The majority’s chief line of attack in the Printz case was rooted in the states’ right not to be made into federal puppets.  But the Court also invoked a second factor.  Part III(B) of Justice Scalia’s majority opinion in Printz explained that by transferring the power to enforce the Brady Act’s background check provision from the President—who has the constitutional duty to “take Care that the Laws be faithfully executed”—to thousands of state and local officials, the law undermined “the separation and equilibration of powers between the three branches of the Federal Government.”

What is true for a federal gun control law would also appear to be true for a federal immigration law.  To be sure, there is a potentially important difference between the Printz case and the Arizona immigration case.  In Printz, state and local officials were required by federal law to assist in federal law enforcement, whereas Arizona voluntarily undertook to aid the federal government.  But that distinction is only relevant to the federalism question of whether the law in question impermissibly overrides state sovereignty.  It does not appear relevant to the distinct separation of powers issue identified in the Printz case: If state or local enforcement of federal law impermissibly undermines what the Printz case called “unity in the Federal Executive,” it does so regardless of whether that state or local enforcement is provided involuntarily (as in Printz itself) or voluntarily (as in the Arizona immigration case).

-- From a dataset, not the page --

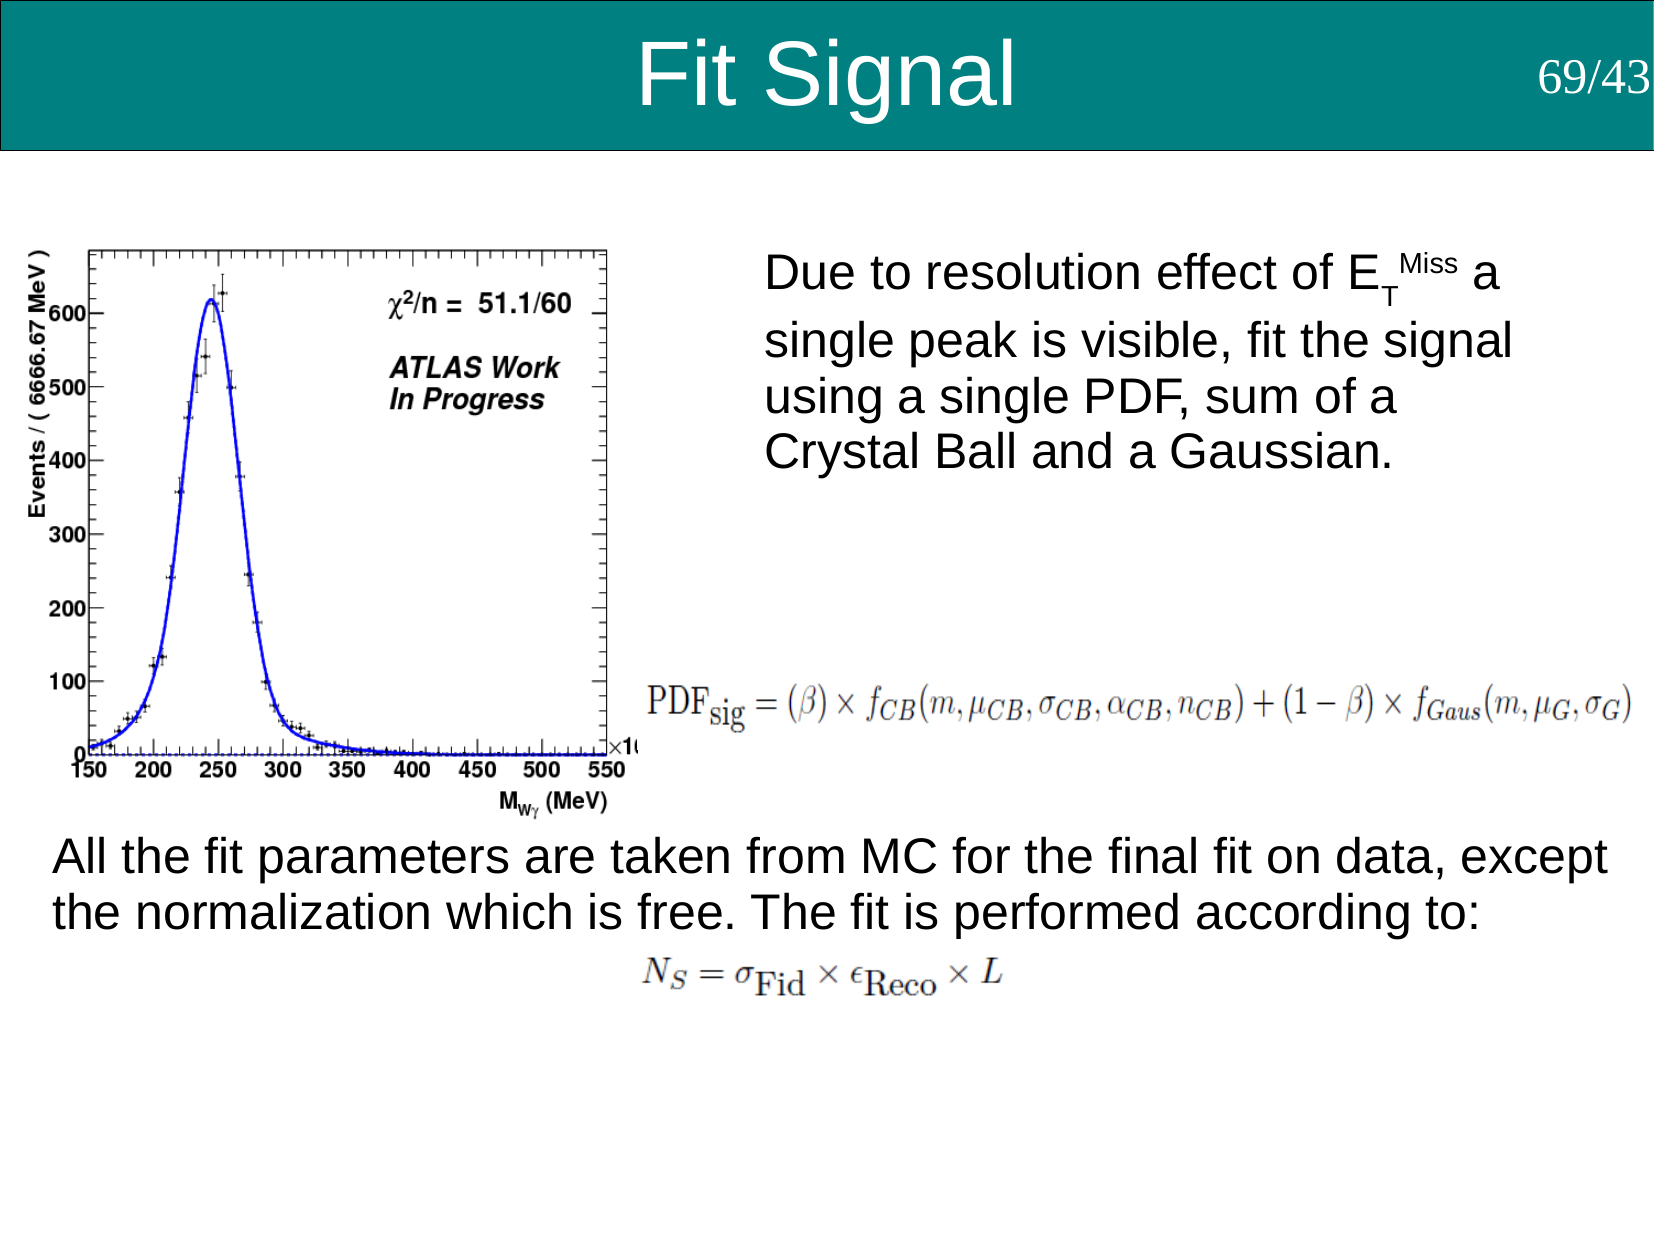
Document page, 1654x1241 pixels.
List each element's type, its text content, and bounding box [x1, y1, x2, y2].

So, should the Supreme Court rule that Congress cannot invite state and local enforcement of federal law over the objection of the federal executive?  Were it up to me, I would say no.  But I am a critic of the “unitary executive” theory that underlies the separation of powers portion of the Printz decision.  And obviously, the decision is not up to me.

Three of the Justices who were in the majority in Printz—Scalia, Kennedy, and Thomas—still sit on the Court.  Are they prepared to rule that Congress may never enlist state and local law enforcement assistance that is unwanted by the federal executive in the Arizona immigration case?  Probably not, in part because the argument was not presented in the lower courts.

Yet there is a familiar principle that courts should try to construe statutes in such a way as to avoid the necessity of resolving difficult constitutional questions, if possible.  For the Justices who accept the unitary executive theory articulated in the Printz case, the interpretation of the federal statutes advocated by Arizona would create just such a difficult constitutional question.  Accordingly, they should read federal immigration law as leaving to the federal executive the decision whether to accept or reject state offers of “assistance” in immigration law enforcement.  Thus, because Arizona’s help is clearly unwanted, the conservative Justices who accept the unitary executive theory have a special reason to rule against Arizona.